Да, повсюду тянулись трубы разной ширины и целые пучки труб, разветвляясь и поворачивая. Но именно здесь среди этих тянущихся пучков и одиночных каналов — пусть даже и чрезвычайно широких — виднелись просветы, через которые видно было, что простор не заканчивается, а тянется дальше.
Нет, Стефан не первый раз выходил наружу. Далеко не первый. Работа снаружи — основная для технического персонала энергетической службы. А все двадцать восемь гетто работали только на нее.
Но в областях изнанки, прилегающих к эр-гетто, где он жил и работал прежде, картины в основном напоминали то, что он увидел, только-только выйдя из «предбанника». Пучки узких труб коммуникаций и широкие тела труб-улиц, протянутые далеко-далеко, скрывающиеся среди переплетений других таких же каналов. Там в десятке-двух метров, ну, иногда — в нескольких десятках — взгляд всегда натыкался на препятствие, создававшее иллюзию замкнутого пространства. Здесь каналы жилых улиц и коммуникаций были разнесены друг от друга дальше. И это позволяло видеть, что они не ограничивают простор стенами, а лишь тянутся в нем.
А большая часть изнанки Сан-Сана — это ничем не заполненная пустота.
Нет, где-то там, далеко, находились границы этой пустоты. В нескольких десятках километров в каждую сторону. Только с точки, где стоял Стефан, этих границ видно не было.
Лишь с одной стороны — там, где находились Споты, — виднелись многочисленные разноцветные мерцающие огни. Они сияли нарядными кристаллами, как на платьях танцовщиц, выступавших в клубах Неонового пояса.
В той стороне граница города находилась совсем близко. Стефан прикинул мысленно — выходило, что до непроницаемой оболочки, заключавшей в себе город, было не больше пары-тройки километров.
Между внутренней поверхностью оболочки и Сан-Вингом — вотчиной интеллектуальной элиты — существовал зазор в несколько метров, заполненный плотно перекрученными между собой толстенными кабелями, которые и поставляли энергию всему мегаполису. Откуда-то извне. Из-за герметичной оболочки, внутри которой, как в пузыре, расположился Сан-Сан.
— Ру-сан! — голос в наушнике вернул в реальность. — Вы хотели посмотреть участок три-семнадцать.
— Да! — собственный голос показался слишком громким и преувеличенно бодрым. — Нам дальше вперед, верно?
— Да, две сотни метров с небольшим. Мы сейчас идем вдоль проспекта Сакуры.
Ну конечно! Широкая окраинная улица, опоясывавшая весь район и сворачивавшая после этого к центру, раздваиваясь. Эти две улицы выписывали два круга внутри зет-гетто и выводили на центральную площадь с двух сторон.

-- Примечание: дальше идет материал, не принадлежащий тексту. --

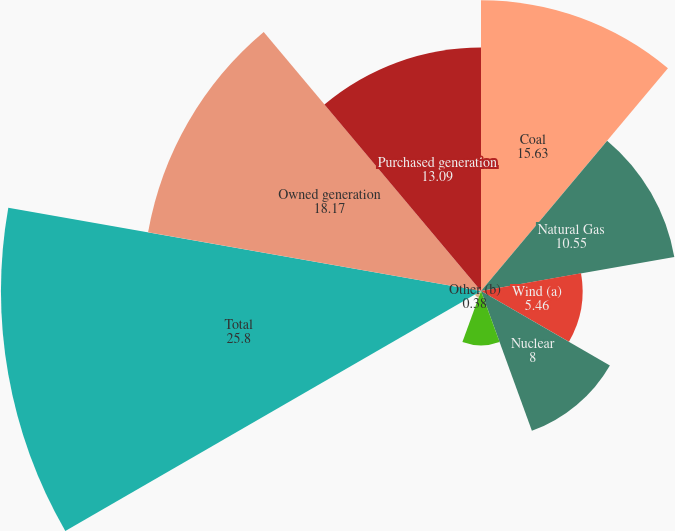Convert chart. <chart><loc_0><loc_0><loc_500><loc_500><pie_chart><fcel>Coal<fcel>Natural Gas<fcel>Wind (a)<fcel>Nuclear<fcel>Hydroelectric<fcel>Other (b)<fcel>Total<fcel>Owned generation<fcel>Purchased generation<nl><fcel>15.63%<fcel>10.55%<fcel>5.46%<fcel>8.0%<fcel>2.92%<fcel>0.38%<fcel>25.8%<fcel>18.17%<fcel>13.09%<nl></chart> 
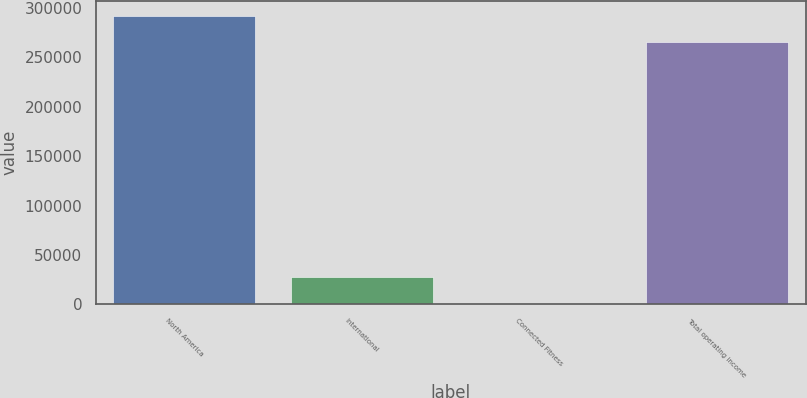<chart> <loc_0><loc_0><loc_500><loc_500><bar_chart><fcel>North America<fcel>International<fcel>Connected Fitness<fcel>Total operating income<nl><fcel>292178<fcel>27614.4<fcel>534<fcel>265098<nl></chart> 
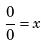Convert formula to latex. <formula><loc_0><loc_0><loc_500><loc_500>\frac { 0 } { 0 } = x</formula> 
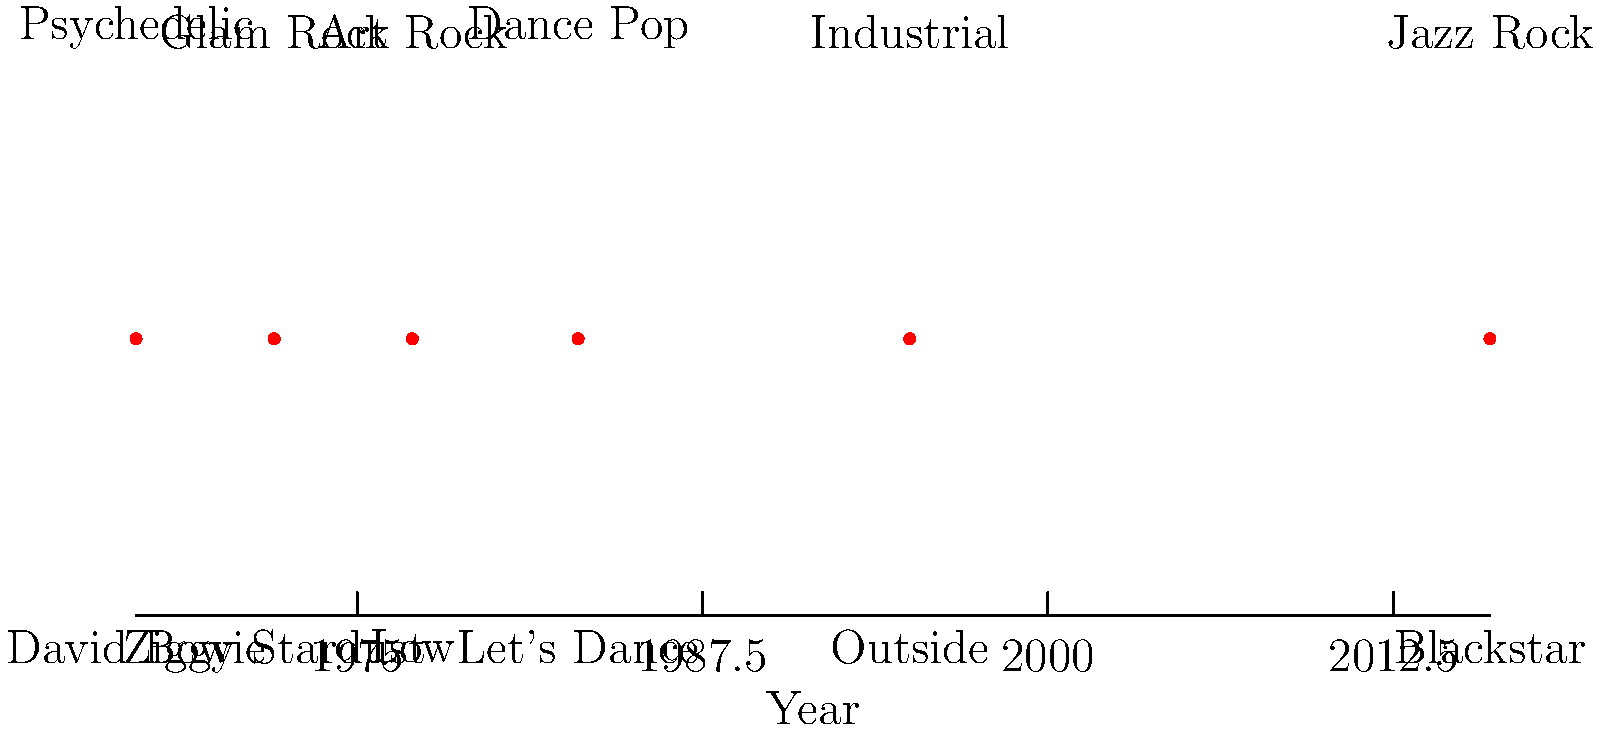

— Мы в районе бульвара Лепестков, верно?
— Именно. Вы хорошо ориентируетесь в пространстве, Ру-сан, — снизошел бригадир до похвалы. — Однако нам придется пересечь опасный участок...
— Пересечем, — отрезал Стефан и зашагал дальше по трубе. Уже куда более твердо.
Короткое сопение в наушнике — и тишина. Отори отключился. Видно, чтобы начальник не слышал, как он ругается сквозь зубы.
И правильно. Что проку ругаться? Рабочие пресловутый опасный участок не по разу на дню пересекают, и ничего. Только что гибнут чересчур часто. В принципе, уже даже можно не проверять — от чего именно.